The span wasn't referencing either the source or destination image really, so I could safely ignore it if I wanted, which the originally suggested code de facto did, but what I mean is that I could explicitly discard it with _ if I wanted.
There is a whole other signature that doesn't allocate or pass a span at all! It just passes the row index, which is all I actually need!
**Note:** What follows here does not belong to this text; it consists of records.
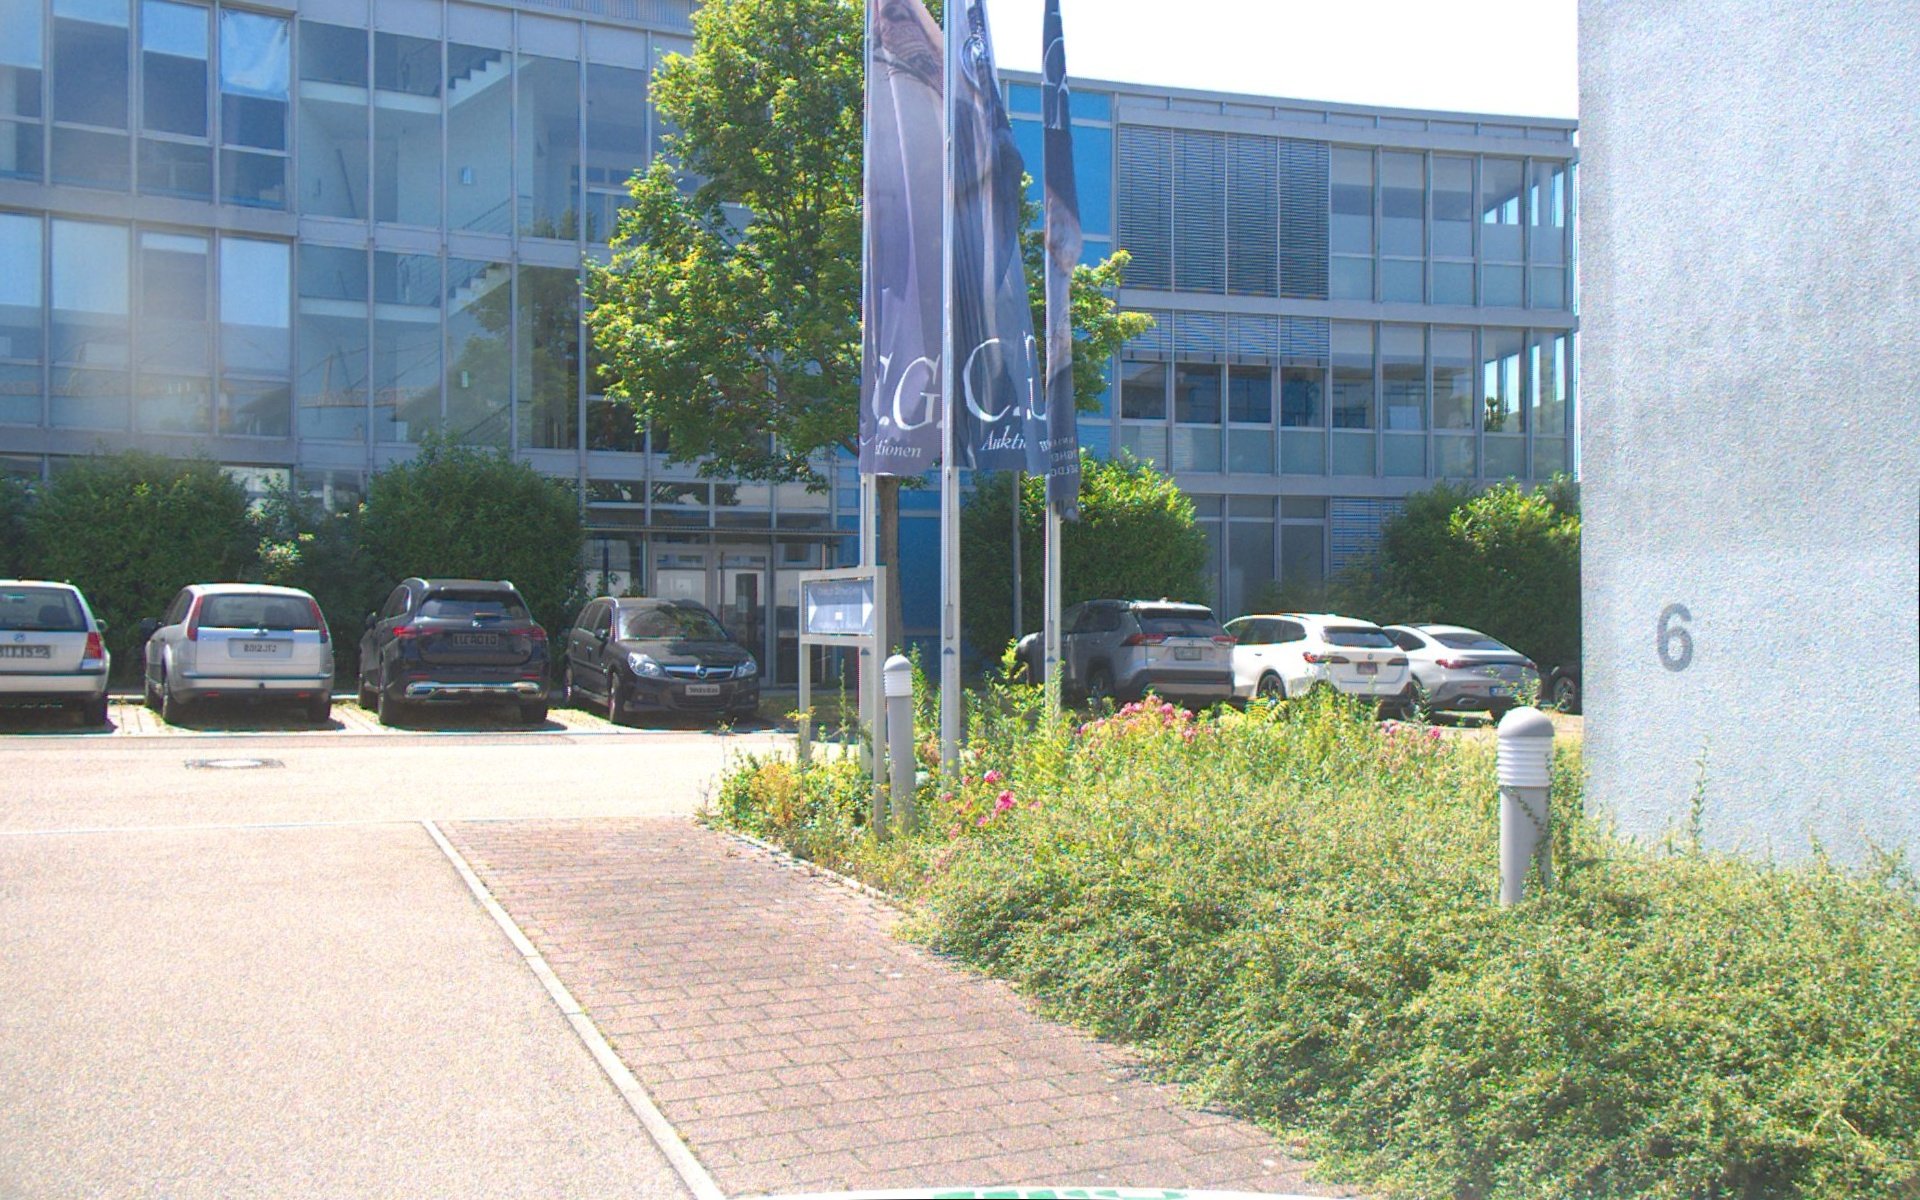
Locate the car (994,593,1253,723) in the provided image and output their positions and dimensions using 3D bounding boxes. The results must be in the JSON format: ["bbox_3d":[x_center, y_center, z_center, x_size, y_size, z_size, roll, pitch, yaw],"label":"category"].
[{"bbox_3d":[2.242,0.754,23.890,1.796,1.648,4.305,1,1,-25],"label":"car"}]

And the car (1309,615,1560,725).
[{"bbox_3d":[7.195,1.018,25.578,1.707,1.454,4.321,2,0,-16],"label":"car"}]

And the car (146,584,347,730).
[{"bbox_3d":[-8.329,0.597,19.150,1.746,1.474,3.618,2,0,-29],"label":"car"}]

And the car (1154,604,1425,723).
[{"bbox_3d":[4.751,0.888,24.500,1.714,1.518,4.305,2,0,-25],"label":"car"}]

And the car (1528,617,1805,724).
[{"bbox_3d":[11.413,1.094,27.104,1.707,1.472,4.529,2,0,-15],"label":"car"}]

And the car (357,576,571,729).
[{"bbox_3d":[-6.082,0.566,19.983,1.902,1.639,3.955,2,0,-25],"label":"car"}]

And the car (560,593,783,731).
[{"bbox_3d":[-3.752,0.694,20.909,1.747,1.508,4.225,1,1,-25],"label":"car"}]

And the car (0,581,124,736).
[{"bbox_3d":[-9.995,0.553,17.685,1.713,1.474,3.618,2,0,-29],"label":"car"}]
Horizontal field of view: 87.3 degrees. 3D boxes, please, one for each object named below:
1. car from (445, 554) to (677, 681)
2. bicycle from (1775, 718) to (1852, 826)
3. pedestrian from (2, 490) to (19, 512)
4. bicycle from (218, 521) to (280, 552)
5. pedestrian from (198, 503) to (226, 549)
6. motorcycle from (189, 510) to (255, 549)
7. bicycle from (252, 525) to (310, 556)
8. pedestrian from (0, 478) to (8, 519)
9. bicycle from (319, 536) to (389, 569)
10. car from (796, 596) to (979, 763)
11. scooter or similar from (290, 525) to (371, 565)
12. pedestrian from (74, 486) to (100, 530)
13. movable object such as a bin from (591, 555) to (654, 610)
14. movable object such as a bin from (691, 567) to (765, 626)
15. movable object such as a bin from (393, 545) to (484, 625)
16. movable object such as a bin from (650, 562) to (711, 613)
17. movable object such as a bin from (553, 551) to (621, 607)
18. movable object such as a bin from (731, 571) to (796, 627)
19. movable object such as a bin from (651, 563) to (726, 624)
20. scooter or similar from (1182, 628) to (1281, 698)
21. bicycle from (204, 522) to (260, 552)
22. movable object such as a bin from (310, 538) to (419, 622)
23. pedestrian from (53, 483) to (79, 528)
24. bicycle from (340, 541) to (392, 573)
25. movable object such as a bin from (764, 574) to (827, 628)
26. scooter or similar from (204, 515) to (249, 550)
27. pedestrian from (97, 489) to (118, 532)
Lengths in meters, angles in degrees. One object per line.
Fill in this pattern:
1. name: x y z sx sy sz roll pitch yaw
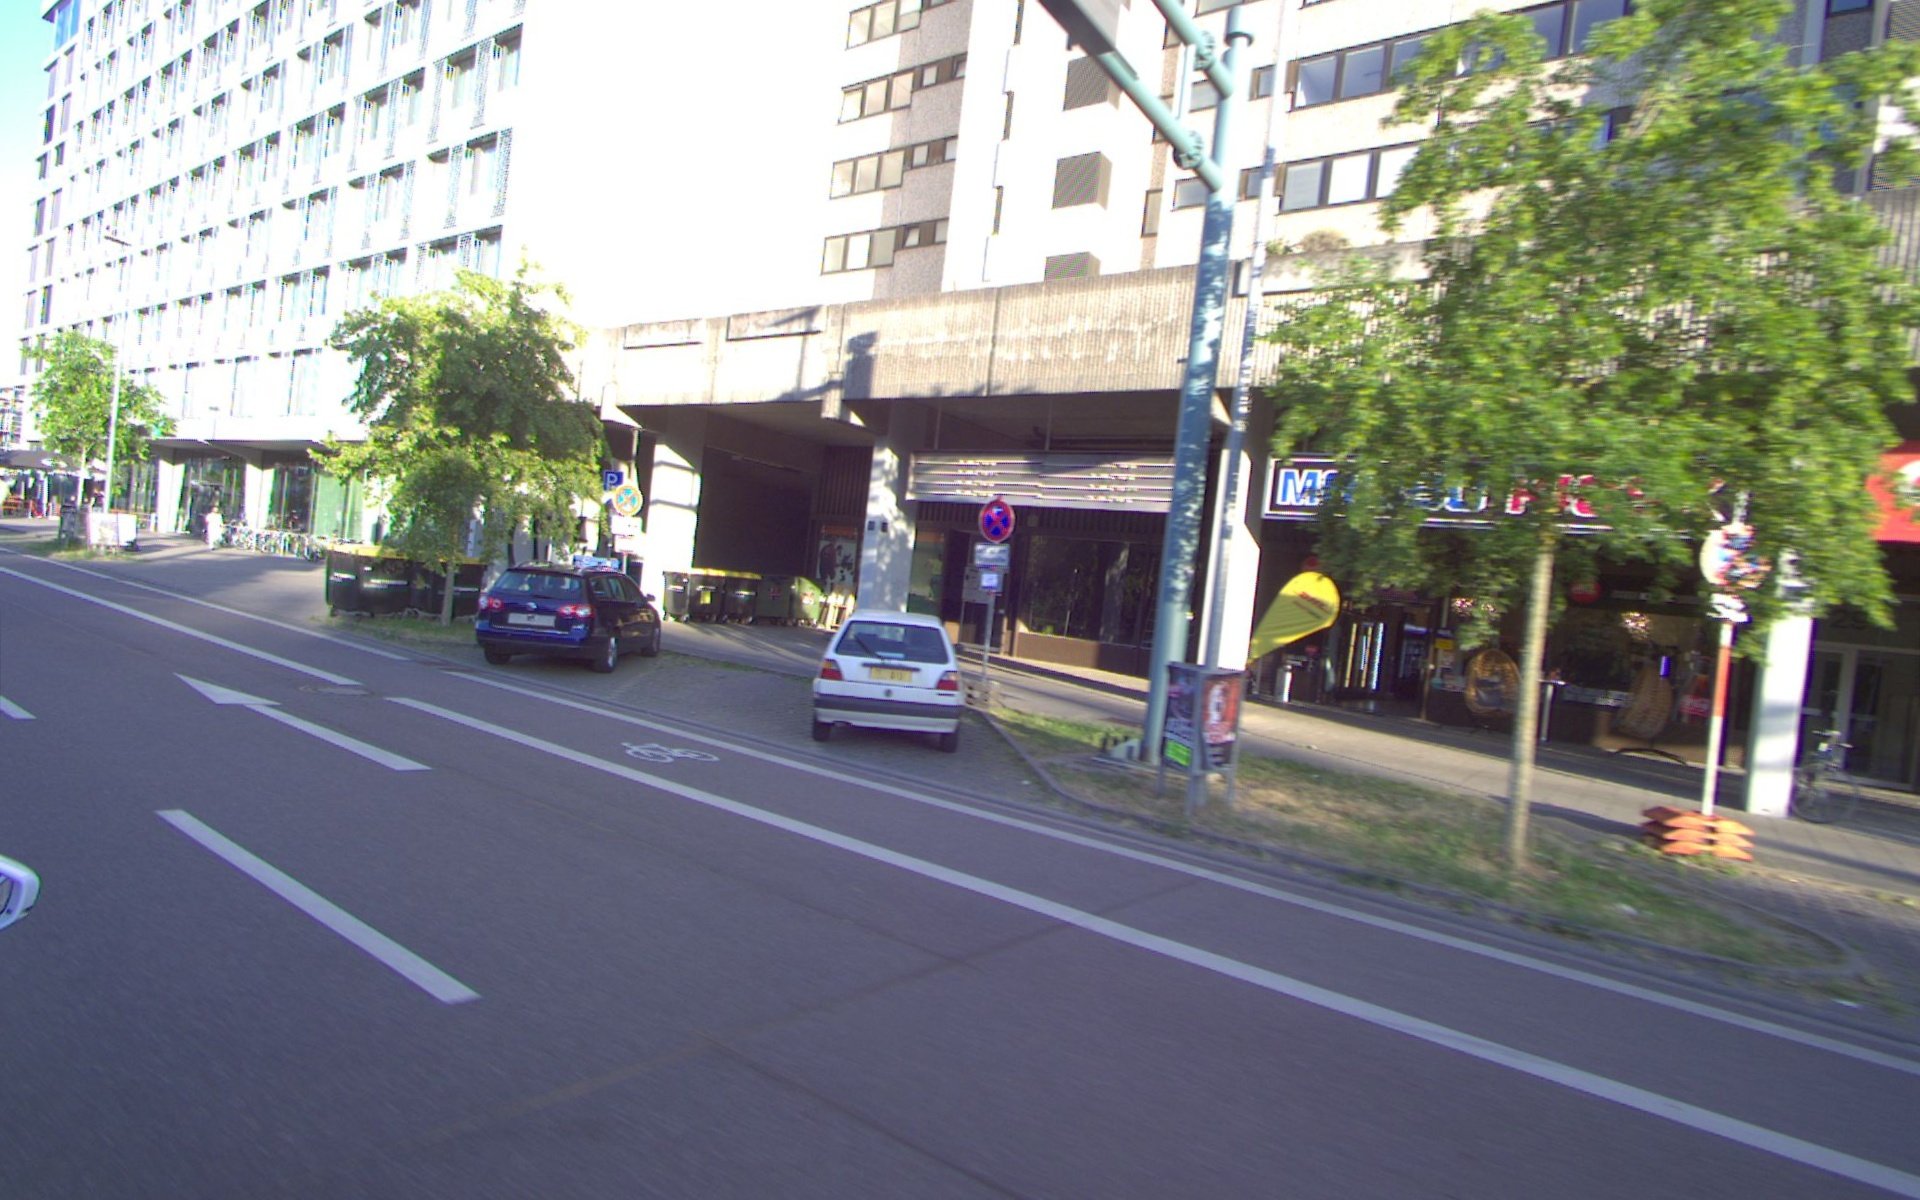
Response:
1. car: -5.952 0.163 15.700 1.904 1.528 4.662 5 2 -4
2. bicycle: 10.220 2.026 12.081 0.426 1.062 1.571 7 3 34
3. pedestrian: -62.471 -6.533 66.210 0.742 1.337 0.706 2 4 -41
4. bicycle: -27.906 -2.481 39.507 0.556 1.023 1.884 7 2 34
5. pedestrian: -27.761 -2.746 37.351 0.632 1.641 0.576 8 3 33
6. motorcycle: -30.725 -2.927 41.910 0.659 1.405 2.116 7 2 22
7. bicycle: -25.684 -2.230 38.085 0.542 0.999 1.699 7 2 32
8. pedestrian: -45.715 -4.839 47.649 0.855 1.913 0.822 6 2 44
9. bicycle: -21.455 -1.664 35.657 0.610 0.970 2.018 7 1 29
10. car: -0.796 0.796 12.136 1.719 1.435 3.986 5 2 -2
11. scooter or similar: -22.783 -1.972 36.469 0.611 1.198 2.371 7 2 35
12. pedestrian: -38.817 -4.099 44.735 0.753 1.849 0.928 3 3 -45
13. movable object such as a bin: -9.424 -0.494 28.133 1.183 1.347 1.074 7 2 35
14. movable object such as a bin: -5.954 -0.078 25.821 1.284 1.315 1.182 7 1 34
15. movable object such as a bin: -9.878 -0.277 19.065 1.141 1.365 1.014 7 4 31
16. movable object such as a bin: -8.339 -0.374 29.992 1.263 1.347 1.074 7 2 35
17. movable object such as a bin: -10.071 -0.570 27.164 1.263 1.347 1.104 7 3 35
18. movable object such as a bin: -5.270 -0.028 27.010 1.107 1.330 1.182 7 1 34
19. movable object such as a bin: -6.651 -0.153 24.638 1.246 1.341 1.180 7 4 34
20. scooter or similar: 5.586 1.298 20.715 1.798 1.174 0.402 8 -1 26
21. bicycle: -29.517 -2.547 40.819 0.542 0.999 1.700 7 2 32
22. movable object such as a bin: -10.586 -0.351 17.898 1.338 1.319 1.085 7 3 29
23. pedestrian: -39.290 -4.160 44.210 0.741 1.874 0.928 2 4 -45
24. bicycle: -20.294 -1.469 34.376 0.450 0.902 1.422 7 1 35
25. movable object such as a bin: -4.580 0.033 28.045 1.070 1.330 1.182 7 1 34
26. scooter or similar: -29.230 -2.691 40.108 0.598 1.250 1.268 7 3 31
27. pedestrian: -38.414 -4.040 45.317 0.616 1.836 0.767 1 4 -45

So having discovered that, I modified the originally suggested code as follows:

using Image<Rgba32> source = new(100, 100);
using Image<Rgba32> destination = new(100, 100);

Configuration configuration = Configuration.Default;

// You need access to individual frame pixel buffers in order
// to access some of the advanced APIs
RowOperation operation = new RowOperation(
configuration,
source.Frames[0].PixelBuffer,
destination.Frames[0].PixelBuffer);

// Ensure we don't go out of bounds
var interest = Rectangle.Intersect(source.Bounds(), destination.Bounds());
ParallelRowIterator.IterateRows<RowOperation>(
                configuration,
                interest,
                in operation);

// Save the output.

private readonly struct RowOperation : IRowOperation
{
    private readonly Random random;
    private readonly Buffer2D<Rgba32> source;
    private readonly Buffer2D<Rgba32> destination;
    private readonly Configuration configuration;

    public RowOperation(
        Configuration configuration,
        Buffer2D<Rgba32> source,
        Buffer2D<Rgba32> destination)
    {

        this.source = source;
        this.destination = destination;
        this.random = new();
        this.configuration = configuration;
    }

    public void Invoke(int y)
    {
        Span<Rgba32> destinationRowSpan = this.destination.DangerousGetRowSpan(y);
        for (int x = 0; x < destinationRowSpan.Length; x++)
        {
            destinationRowSpan[x] = this.GetRandomPixel();
        }
    }

    private Rgba32 GetRandomPixel()
    {
        int y = this.random.Next(this.source.Height);
        int x = this.random.Next(this.source.Width);
        return this.source[x, y];
    }
}

Basically I made RowOperation implement IRowOperation instead of IRowOperation<Rgba32>, and invoked it with .IterateRows<RowOperation>() instead of .IterateRows<RowOperation, Rgba32>(), which invokes with just the row index instead of the row index plus Span object.